Galia turned. “We are foes of old, Ygor and I, and you are Heron, son of Nadya.”
“We have met before?”
“No, but Etta had told me of you, and why should she not. Your mother is my daughter.”
“I think not. My grandmother died long ago.”
“Your mother told you that?”
“She did.”
“She lied. We are of the bloodline, after all. Diplomacy runs in the family. I imagine Nadya would have found it less easy to tell you I had run off to Earth with a Holy Seer pledged to celibacy.”
My, she is a cool one. Heron, to Galia’s surprise, responded with a wide grin that so reminded her of his grandfather that she was close to tears.
“Are you really the legendary Galia returned to us?”
“I am, and you, elf, are called Pers are you not?”
“How is it you know of us but we know not of you?” Heron was both wary of and drawn to this imposing female, but not easily intimidated.

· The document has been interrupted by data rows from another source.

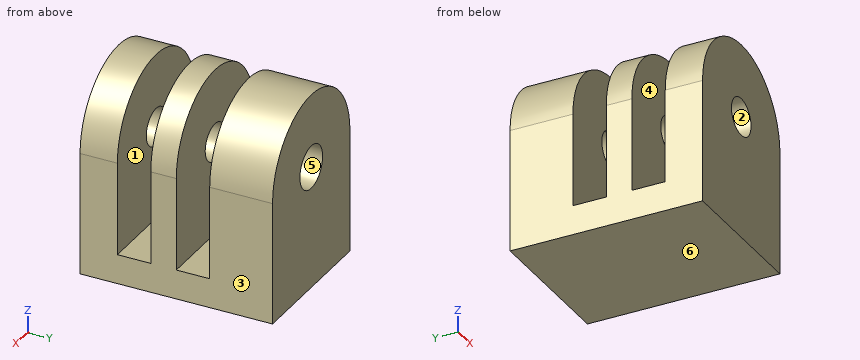
```python
from build123d import *

# Parameters (mm, degrees)
BOX003_W                  = 15
BOX003_H                  = 3.4
BOX003_DEPTH              = 17
ARRAY_Y_COUNT             = 2
ARRAY_Y_PITCH             = 6
CYLINDER002_R             = 2.2
CYLINDER002_DEPTH         = 6
CYLINDER001_R             = 1.9
CYLINDER001_DEPTH         = 15
FUSION001_PLACEMENT_ANGLE = 90
CYLINDER_R                = 7.5
CYLINDER_DEPTH            = 19.6
BOX002_W                  = 15
BOX002_H                  = 19.6
BOX002_DEPTH              = 12.5


with BuildPart() as side_3_extract_cube_array:
    # Box003 → Box003 (new body)
    with BuildSketch(Plane(origin=(-7.5, -7.7, 3), x_dir=(1, 0, 0), z_dir=(0, 0, 1))):
        with Locations((7.5, 1.7)):
            Rectangle(BOX003_W, BOX003_H)
    extrude(amount=BOX003_DEPTH)

    # Array Y: side 3 extract cube array ×2


with BuildPart() as side_3_extract_cube_array_1:
    add(side_3_extract_cube_array.part)
    with Locations(*[(0, i * ARRAY_Y_PITCH, 0) for i in range(1, ARRAY_Y_COUNT)]):
        add(side_3_extract_cube_array.part)


with BuildPart() as side_3_extract_cube_array_2:
    # Array placement: moved
    add(side_3_extract_cube_array_1.part.moved(Location((0, 3, 0))))


with BuildPart() as insert_hole:
    # Cylinder002 → Cylinder002 (new body)
    with BuildSketch(Plane.XY):
        Circle(CYLINDER002_R)
    extrude(amount=CYLINDER002_DEPTH)


with BuildPart() as side_3_extract_fusion:
    # Cylinder001 → Cylinder001 (new body)
    with BuildSketch(Plane.XY.offset(6)):
        Circle(CYLINDER001_R)
    extrude(amount=CYLINDER001_DEPTH)

    # Fusion001: union insert hole
    add(insert_hole.part)


with BuildPart() as side_3_extract_fusion_1:
    # Fusion001 placement: moved
    add(side_3_extract_fusion.part.moved(Location((0, 11.1, 12.5))).rotate(Axis((0, 11.1, 12.5), (1, 0, 0)), FUSION001_PLACEMENT_ANGLE))

    # Fusion002: union side 3 extract cube array
    add(side_3_extract_cube_array_2.part)


with BuildPart() as outer_cylinder:
    # Cylinder → Cylinder (new body)
    with BuildSketch(Plane(origin=(0, 11.1, 12.5), x_dir=(1, 0, 0), z_dir=(0, -1, 0))):
        Circle(CYLINDER_R)
    extrude(amount=CYLINDER_DEPTH)


with BuildPart() as side_3_cut_clone:
    # Box002 → Box002 (new body)
    with BuildSketch(Plane(origin=(-7.5, -8.5, 0), x_dir=(1, 0, 0), z_dir=(0, 0, 1))):
        with Locations((7.5, 9.8)):
            Rectangle(BOX002_W, BOX002_H)
    extrude(amount=BOX002_DEPTH)

    # Fusion: union outer cylinder
    add(outer_cylinder.part)

    # Cut: cut side 3 extract fusion
    add(side_3_extract_fusion_1.part, mode=Mode.SUBTRACT)


solid = side_3_cut_clone.part
```
Input: part model. Units: mm. Frame: model coordinates. Face numbers are marked on the shaded views. A direction names the side the tool comes from. Coordinates: 2 decimals unless noted, no trailing zeros. Loops run counter-clockwise (first coordinate to the right, second up) from the corner with the lowest first, then second, coordinate; pieces in that order, holes last. Notation, with made-up numbers: (18.5, -10) -> (67.5, -10) arc R21 cw to (67.5, 22) -> close; hole circle Ø7 at (-24, 88). An arc over 180 degrees is marked (long way). Use a Markdown table: item, result.
1) Cut plane B-B (x = 0). Return the cut outline in (y, z), then the cut area to 3 significant figures.
Results found:
| item | result |
|---|---|
| outline | (-8.5, 0) -> (11.1, 0) -> (11.1, 10.3) -> (5.1, 10.3) -> (5.1, 10.6) -> (4.7, 10.6) -> (4.7, 3) -> (1.3, 3) -> (1.3, 10.6) -> (-1.3, 10.6) -> (-1.3, 3) -> (-4.7, 3) -> (-4.7, 10.6) -> (-8.5, 10.6) -> close; (-8.5, 14.4) -> (-4.7, 14.4) -> (-4.7, 20) -> (-8.5, 20) -> close; (-1.3, 14.4) -> (1.3, 14.4) -> (1.3, 20) -> (-1.3, 20) -> close; (4.7, 14.4) -> (5.1, 14.4) -> (5.1, 14.7) -> (11.1, 14.7) -> (11.1, 20) -> (4.7, 20) -> close |
| area | 224 mm2 |
2) Pull-direction query (X, two-part tool) for the marked faces 1, 2 and 3; classes: released by +X, released by -X, zero draft, split by the parting line, or undercut.
Results found:
| item | result |
|---|---|
| face 1 | zero draft |
| face 2 | undercut |
| face 3 | released by +X |
3) Cut plane A-A (z = 9.5). Return the cut outline in (x, y).
Results found:
| item | result |
|---|---|
| outline | (-7.5, -8.5) -> (7.5, -8.5) -> (7.5, -4.7) -> (-7.5, -4.7) -> close; (-7.5, -1.3) -> (7.5, -1.3) -> (7.5, 1.3) -> (-7.5, 1.3) -> close; (-7.5, 4.7) -> (7.5, 4.7) -> (7.5, 11.1) -> (-7.5, 11.1) -> close |
4) Contact query for flat-ended pins moving along their axis: pin 1 (6 mm diameter, centred on x = -2, y = 0, fed in from +Z); pin 2 (1.7 mm diameter, centred on x = 2.5, y = 2.5, fed in from +Z). Output: stop coordinate, or through.
Results found:
| item | result |
|---|---|
| pin 1 | stops at z = 20 |
| pin 2 | stops at z = 3 |
5) Access query for the marked faces 4, 5 and 6. Directions: +Z, -Z, +X, -X, +Y, -Y. A direction counts if a zero-diameter tool reaches every point of the face in a straight line with its end or side. Return the directions, or none.
Results found:
| item | result |
|---|---|
| face 4 | +Z, +X, -X |
| face 5 | +Y |
| face 6 | -Z, +X, -X, +Y, -Y |
6) Material intervals for line 1 along Y through (x, z) = (-5, 5); line 2 along X through (y, z) = (0, 12.5); line 3 along Z through (x, y) = (0, 5.05), sorted ascending. Write a range as from..to.
Results found:
| item | result |
|---|---|
| line 1 | y = -8.5..-4.7, -1.3..1.3, 4.7..11.1 |
| line 2 | x = -7.5..-1.9, 1.9..7.5 |
| line 3 | z = 0..10.6, 14.4..20 |
7) Cut plane D-D (x = 6). Return the cut outline in (y, z).
Results found:
| item | result |
|---|---|
| outline | (-8.5, 0) -> (11.1, 0) -> (11.1, 17) -> (4.7, 17) -> (4.7, 3) -> (1.3, 3) -> (1.3, 17) -> (-1.3, 17) -> (-1.3, 3) -> (-4.7, 3) -> (-4.7, 17) -> (-8.5, 17) -> close |
8) Cut plane C-C (y = -6.25). Return the cut outline in (x, z), then the cut area to 3 significant figures.
Results found:
| item | result |
|---|---|
| outline | (-7.5, 0) -> (7.5, 0) -> (7.5, 12.5) arc R7.5 ccw to (-7.5, 12.5) -> close; hole circle Ø3.8 at (0, 12.5) |
| area | 265 mm2 |

Before Galia could reply, however, she was distracted by a shrill cry.
“Mum! Mum, is that you?”
“Peter!” A boy with striking red hair ran up to her, almost knocking her over. They hugged and remained that way until Ygor reminded them they were not alone.
Irina, with whom Pete had been bringing up the rear smiled knowingly at Heron who returned the look tenfold. It was good to see mother and son reunited although she did not understand how Galia could be of two worlds at the same time.
As if reading the elf-girl’s mind, Galia met her confused expression. “Don’t ask and don’t even try to understand the workings of time and space, my dear, or you will tie yourself in knots that are not easily undone. Simply accept the Here and Now, for the present at least.”
“Wise words, Galia,” commented Ygor without a trace of praise in the gravelly voice. “Now, may I suggest we catch up with your companions? We are all of one mind here, after all, and the Tomb of the Creator awaits us.”
”You have no place here, druid.”
“Oh, and you do?”
The pair confronted each other like the old adversaries they were.
“This is neither time nor place,” Heron declared with insight beyond his years, “Whatever scores the two of you have to settle must wait. Here we all are and here we are plainly meant to be so let there be peace between you, for now at least, and let the fate that brought us here do the rest.”
“Wise words,” Irina’s gently mocking voice helped ease the growing tension.
“Follow me,” Galia told them,. At the same time, she threw the elf girl a grateful look while not surrendering any of the regal poise with which Ricci, for one, had been so smitten all his life.
They walked on, quickening their pace so as to catch up with the others. Galia held her son’s hand so tightly it hurt. Pete, though, for once in his young life, was content to let his mother have her way. At any other time and place, he would have wrenched his hand free, protesting loudly that he was not a child. He sensed his mother’s…anger, confusion, fear?  Whatever, she was worried sick about something; something other than being miles beneath the surface of another planet with no clear idea what lay ahead.
Galia struggled with conflicting feelings and thoughts. In her mind’s eye, she recovered the image of Peter running towards her. Even amidst the thrill and relief of their embrace, she had still found time to wonder what obscure trick of fate had brought her youngest to Mamelon. In the gloom, his red hair had more of a fiery look than she could recall ever noticing before. Her heart had skipped several beats. Now she thought she knew the reason he was here, and was sick with fear for him.